Minor improvements and bug fixes

  • An issue with showing the agent report table in the email message body via the email_blast() function has been resolved.

  • Resolved issue with using literal character values in comparison-based validation functions (e.g., col_vals_between(), col_vals_gt(), etc.).

  • Completely rewrote the underlying processes for the storage and retrieval of translation text.

  • Much improved translations of reporting text the Spanish and German languages. Thanks @pachamaltese and @DavZim for these valuable contributions!
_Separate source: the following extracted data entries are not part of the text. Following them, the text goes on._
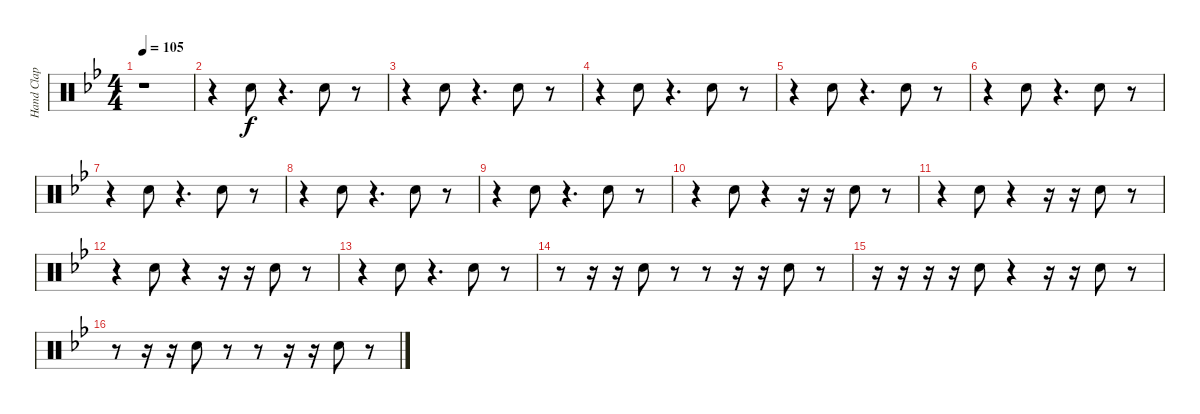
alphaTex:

\track ("Hand Clap" "Hand Clap") {instrument percussion}
\staff {score}
\articulation defaults
\ts (4 4)
\tempo 105
\clef neutral
\ks gminor
r.1{dy f} |
r.4 "Hand Clap (hit)".8 r.4{d} "Hand Clap (hit)".8 r.8 |
r.4 "Hand Clap (hit)".8 r.4{d} "Hand Clap (hit)".8 r.8 |
r.4 "Hand Clap (hit)".8 r.4{d} "Hand Clap (hit)".8 r.8 |
r.4 "Hand Clap (hit)".8 r.4{d} "Hand Clap (hit)".8 r.8 |
r.4 "Hand Clap (hit)".8 r.4{d} "Hand Clap (hit)".8 r.8 |
r.4 "Hand Clap (hit)".8 r.4{d} "Hand Clap (hit)".8 r.8 |
r.4 "Hand Clap (hit)".8 r.4{d} "Hand Clap (hit)".8 r.8 |
r.4 "Hand Clap (hit)".8 r.4{d} "Hand Clap (hit)".8 r.8 |
r.4 "Hand Clap (hit)".8 r.4 r.16 r.16 "Hand Clap (hit)".8 r.8 |
r.4 "Hand Clap (hit)".8 r.4 r.16 r.16 "Hand Clap (hit)".8 r.8 |
r.4 "Hand Clap (hit)".8 r.4 r.16 r.16 "Hand Clap (hit)".8 r.8 |
r.4 "Hand Clap (hit)".8 r.4{d} "Hand Clap (hit)".8 r.8 |
r.8 r.16 r.16 "Hand Clap (hit)".8 r.8 r.8 r.16 r.16 "Hand Clap (hit)".8 r.8 |
r.16 r.16 r.16 r.16 "Hand Clap (hit)".8 r.4 r.16 r.16 "Hand Clap (hit)".8 r.8 |
r.8 r.16 r.16 "Hand Clap (hit)".8 r.8 r.8 r.16 r.16 "Hand Clap (hit)".8 r.8

  • New testthat tests were added that test pointblank validations against mock PostgreSQL and MySQL database tables via the dittodb package. Thank you @pachamaltese for implementing these tests.

v0.4.0

3 years ago

New R Markdown features

  • New R Markdown validation feature allows for validation testing within specialized validation code chunks where the validate = TRUE option is set. Using pointblank validation functions on data in these marked code chunks will flag overall failure if the stop threshold is exceeded anywhere. All errors are reported in the validation code chunk after rendering the document to HTML, where green or red status buttons indicate whether all validations succeeded or failures occurred. Clicking any such button reveals the otherwise hidden validation statements and their error messages (if any). Using pointblank in an R Markdown workflow is enabled by default once the pointblank library is loaded. While the framework for such testing is set up by default, the new validate_rmd() function offers an opportunity to set UI and logging options.

  • Added an R Markdown template for the new R Markdown validation feature (Pointblank Validation).
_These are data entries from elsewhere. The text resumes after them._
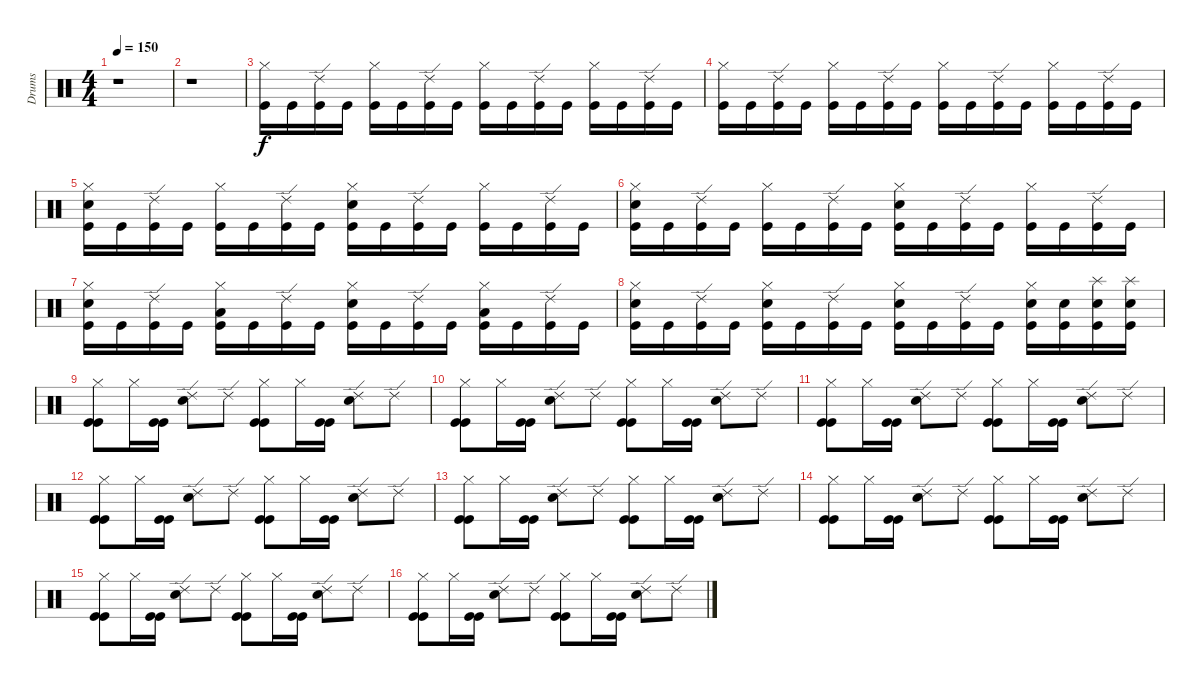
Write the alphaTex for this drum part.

\track ("Drums" "Drums") {instrument percussion}
\staff {score}
\articulation defaults
\ts (4 4)
\tempo 150
\clef neutral
\ks c
r.1{dy f} |
r.1 |
("Hi-Hat (closed)" "Kick (hit)").16 "Kick (hit)".16 ("Ride (edge) 2" "Kick (hit)").16 "Kick (hit)".16 ("Hi-Hat (closed)" "Kick (hit)").16 "Kick (hit)".16 ("Ride (edge) 2" "Kick (hit)").16 "Kick (hit)".16 ("Hi-Hat (closed)" "Kick (hit)").16 "Kick (hit)".16 ("Ride (edge) 2" "Kick (hit)").16 "Kick (hit)".16 ("Hi-Hat (closed)" "Kick (hit)").16 "Kick (hit)".16 ("Ride (edge) 2" "Kick (hit)").16 "Kick (hit)".16 |
("Hi-Hat (closed)" "Kick (hit)").16 "Kick (hit)".16 ("Ride (edge) 2" "Kick (hit)").16 "Kick (hit)".16 ("Hi-Hat (closed)" "Kick (hit)").16 "Kick (hit)".16 ("Ride (edge) 2" "Kick (hit)").16 "Kick (hit)".16 ("Hi-Hat (closed)" "Kick (hit)").16 "Kick (hit)".16 ("Ride (edge) 2" "Kick (hit)").16 "Kick (hit)".16 ("Hi-Hat (closed)" "Kick (hit)").16 "Kick (hit)".16 ("Ride (edge) 2" "Kick (hit)").16 "Kick (hit)".16 |
("Hi-Hat (closed)" "Snare (hit) 2" "Kick (hit)").16 "Kick (hit)".16 ("Ride (edge) 2" "Kick (hit)").16 "Kick (hit)".16 ("Hi-Hat (closed)" "Kick (hit)").16 "Kick (hit)".16 ("Ride (edge) 2" "Kick (hit)").16 "Kick (hit)".16 ("Hi-Hat (closed)" "Snare (hit) 2" "Kick (hit)").16 "Kick (hit)".16 ("Ride (edge) 2" "Kick (hit)").16 "Kick (hit)".16 ("Hi-Hat (closed)" "Kick (hit)").16 "Kick (hit)".16 ("Ride (edge) 2" "Kick (hit)").16 "Kick (hit)".16 |
("Hi-Hat (closed)" "Snare (hit) 2" "Kick (hit)").16 "Kick (hit)".16 ("Ride (edge) 2" "Kick (hit)").16 "Kick (hit)".16 ("Hi-Hat (closed)" "Kick (hit)").16 "Kick (hit)".16 ("Ride (edge) 2" "Kick (hit)").16 "Kick (hit)".16 ("Hi-Hat (closed)" "Snare (hit) 2" "Kick (hit)").16 "Kick (hit)".16 ("Ride (edge) 2" "Kick (hit)").16 "Kick (hit)".16 ("Hi-Hat (closed)" "Kick (hit)").16 "Kick (hit)".16 ("Ride (edge) 2" "Kick (hit)").16 "Kick (hit)".16 |
("Hi-Hat (closed)" "Snare (hit) 2" "Kick (hit)").16 "Kick (hit)".16 ("Ride (edge) 2" "Kick (hit)").16 "Kick (hit)".16 ("Hi-Hat (closed)" "Low Tom (hit)" "Kick (hit)").16 "Kick (hit)".16 ("Ride (edge) 2" "Kick (hit)").16 "Kick (hit)".16 ("Hi-Hat (closed)" "Snare (hit) 2" "Kick (hit)").16 "Kick (hit)".16 ("Ride (edge) 2" "Kick (hit)").16 "Kick (hit)".16 ("Hi-Hat (closed)" "Low Tom (hit)" "Kick (hit)").16 "Kick (hit)".16 ("Ride (edge) 2" "Kick (hit)").16 "Kick (hit)".16 |
("Hi-Hat (closed)" "Snare (hit) 2" "Kick (hit)").16 "Kick (hit)".16 ("Ride (edge) 2" "Kick (hit)").16 "Kick (hit)".16 ("Hi-Hat (closed)" "Snare (hit) 2" "Kick (hit)").16 "Kick (hit)".16 ("Ride (edge) 2" "Kick (hit)").16 "Kick (hit)".16 ("Hi-Hat (closed)" "Snare (hit) 2" "Kick (hit)").16 "Kick (hit)".16 ("Ride (edge) 2" "Kick (hit)").16 "Kick (hit)".16 ("Hi-Hat (closed)" "Snare (hit) 2" "Kick (hit)").16 ("Snare (hit) 2" "Kick (hit)").16 ("Splash (hit)" "Snare (hit) 2" "Kick (hit)").16 ("Splash (hit)" "Snare (hit) 2" "Kick (hit)").16 |
("Hi-Hat (closed)" "Kick (hit)" "Kick (hit)").8 "Hi-Hat (closed)".16 ("Kick (hit)" "Kick (hit)").16 ("Ride (edge) 2" "Snare (hit) 2").8 "Ride (edge) 2".8 ("Hi-Hat (closed)" "Kick (hit)" "Kick (hit)").8 "Hi-Hat (closed)".16 ("Kick (hit)" "Kick (hit)").16 ("Ride (edge) 2" "Snare (hit) 2").8 "Ride (edge) 2".8 |
("Hi-Hat (closed)" "Kick (hit)" "Kick (hit)").8 "Hi-Hat (closed)".16 ("Kick (hit)" "Kick (hit)").16 ("Ride (edge) 2" "Snare (hit) 2").8 "Ride (edge) 2".8 ("Hi-Hat (closed)" "Kick (hit)" "Kick (hit)").8 "Hi-Hat (closed)".16 ("Kick (hit)" "Kick (hit)").16 ("Ride (edge) 2" "Snare (hit) 2").8 "Ride (edge) 2".8 |
("Hi-Hat (closed)" "Kick (hit)" "Kick (hit)").8 "Hi-Hat (closed)".16 ("Kick (hit)" "Kick (hit)").16 ("Ride (edge) 2" "Snare (hit) 2").8 "Ride (edge) 2".8 ("Hi-Hat (closed)" "Kick (hit)" "Kick (hit)").8 "Hi-Hat (closed)".16 ("Kick (hit)" "Kick (hit)").16 ("Ride (edge) 2" "Snare (hit) 2").8 "Ride (edge) 2".8 |
("Hi-Hat (closed)" "Kick (hit)" "Kick (hit)").8 "Hi-Hat (closed)".16 ("Kick (hit)" "Kick (hit)").16 ("Ride (edge) 2" "Snare (hit) 2").8 "Ride (edge) 2".8 ("Hi-Hat (closed)" "Kick (hit)" "Kick (hit)").8 "Hi-Hat (closed)".16 ("Kick (hit)" "Kick (hit)").16 ("Ride (edge) 2" "Snare (hit) 2").8 "Ride (edge) 2".8 |
("Hi-Hat (closed)" "Kick (hit)" "Kick (hit)").8 "Hi-Hat (closed)".16 ("Kick (hit)" "Kick (hit)").16 ("Ride (edge) 2" "Snare (hit) 2").8 "Ride (edge) 2".8 ("Hi-Hat (closed)" "Kick (hit)" "Kick (hit)").8 "Hi-Hat (closed)".16 ("Kick (hit)" "Kick (hit)").16 ("Ride (edge) 2" "Snare (hit) 2").8 "Ride (edge) 2".8 |
("Hi-Hat (closed)" "Kick (hit)" "Kick (hit)").8 "Hi-Hat (closed)".16 ("Kick (hit)" "Kick (hit)").16 ("Ride (edge) 2" "Snare (hit) 2").8 "Ride (edge) 2".8 ("Hi-Hat (closed)" "Kick (hit)" "Kick (hit)").8 "Hi-Hat (closed)".16 ("Kick (hit)" "Kick (hit)").16 ("Ride (edge) 2" "Snare (hit) 2").8 "Ride (edge) 2".8 |
("Hi-Hat (closed)" "Kick (hit)" "Kick (hit)").8 "Hi-Hat (closed)".16 ("Kick (hit)" "Kick (hit)").16 ("Ride (edge) 2" "Snare (hit) 2").8 "Ride (edge) 2".8 ("Hi-Hat (closed)" "Kick (hit)" "Kick (hit)").8 "Hi-Hat (closed)".16 ("Kick (hit)" "Kick (hit)").16 ("Ride (edge) 2" "Snare (hit) 2").8 "Ride (edge) 2".8 |
("Hi-Hat (closed)" "Kick (hit)" "Kick (hit)").8 "Hi-Hat (closed)".16 ("Kick (hit)" "Kick (hit)").16 ("Ride (edge) 2" "Snare (hit) 2").8 "Ride (edge) 2".8 ("Hi-Hat (closed)" "Kick (hit)" "Kick (hit)").8 "Hi-Hat (closed)".16 ("Kick (hit)" "Kick (hit)").16 ("Ride (edge) 2" "Snare (hit) 2").8 "Ride (edge) 2".8

  • The new stop_if_not() function works well as a standalone, replacement for stopifnot() but is also customized for use in validation checks in R Markdown documents where pointblank is loaded. Using stop_if_not() in a code chunk where the validate = TRUE option is set will yield the correct reporting of successes and failures whereas stopifnot() does not.

  • A knit.print() method was added to facilitate the printing of the agent report table within an R Markdown code chunk.

Breaking changes

  • The default behavior of using validation step functions (e.g., col_vals_lt()) directly on data tables has been changed. Before, a single test unit failure would trigger a warning. Now, a single test unit failing results in an error. Going back to the earlier behavior now requires the use of actions = warn_on_fail() (a new helper function, which has a default warn_at threshold value of 1) with each invocation of a validation step function. The stop_on_fail() helper function is also new in this release, and has a stop_at threshold parameter, also with a default of 1.

New features

  • Added 24 expectation functions (e.g., expect_col_exists(), expect_rows_distinct(), expect_col_schema_match(), etc.) as complements of the 24 validation functions. All of these can be used for testthat tests of tabular data with a simplified interface that exposes an easy-to-use failure threshold (defaulting to 1).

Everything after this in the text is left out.